• AIM OF THE EXERCISE: Your answer should be the line that contains "Every object in" and each line after it, restated word for word through the final line of the entries.
⁂
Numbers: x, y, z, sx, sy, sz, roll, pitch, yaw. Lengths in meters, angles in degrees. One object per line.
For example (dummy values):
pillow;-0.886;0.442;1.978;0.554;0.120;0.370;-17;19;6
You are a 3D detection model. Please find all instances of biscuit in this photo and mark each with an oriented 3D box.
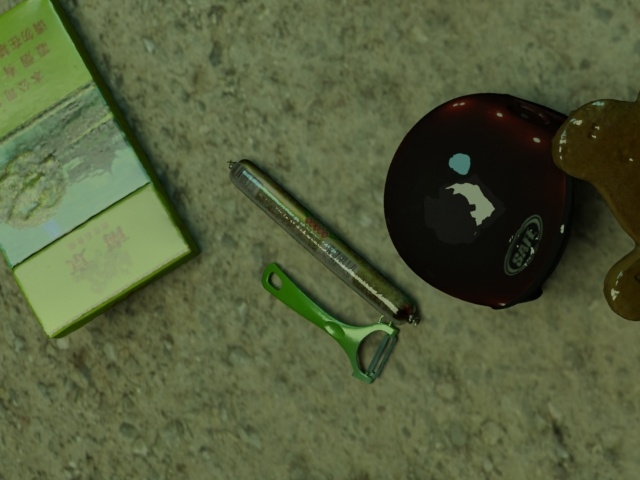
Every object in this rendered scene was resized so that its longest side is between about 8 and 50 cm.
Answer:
biscuit;0.324;-0.011;1.534;0.197;0.049;0.301;-30;100;-1

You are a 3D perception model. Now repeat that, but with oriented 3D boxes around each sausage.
sausage;0.000;0.000;1.791;0.269;0.033;0.033;41;116;19

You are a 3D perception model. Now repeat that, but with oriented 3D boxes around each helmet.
helmet;0.155;-0.038;1.613;0.189;0.193;0.216;-67;23;20

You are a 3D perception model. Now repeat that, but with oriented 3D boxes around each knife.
knife;0.003;0.074;1.808;0.166;0.023;0.078;35;109;21

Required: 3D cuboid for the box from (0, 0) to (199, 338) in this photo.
box;-0.289;-0.082;1.910;0.187;0.047;0.335;-31;81;8
⁂
• RESULT OF THE EXERCISE:
Every object in this rendered scene was resized so that its longest side is between about 8 and 50 cm.
Answer:
biscuit;0.324;-0.011;1.534;0.197;0.049;0.301;-30;100;-1

You are a 3D perception model. Now repeat that, but with oriented 3D boxes around each sausage.
sausage;0.000;0.000;1.791;0.269;0.033;0.033;41;116;19

You are a 3D perception model. Now repeat that, but with oriented 3D boxes around each helmet.
helmet;0.155;-0.038;1.613;0.189;0.193;0.216;-67;23;20

You are a 3D perception model. Now repeat that, but with oriented 3D boxes around each knife.
knife;0.003;0.074;1.808;0.166;0.023;0.078;35;109;21

Required: 3D cuboid for the box from (0, 0) to (199, 338) in this photo.
box;-0.289;-0.082;1.910;0.187;0.047;0.335;-31;81;8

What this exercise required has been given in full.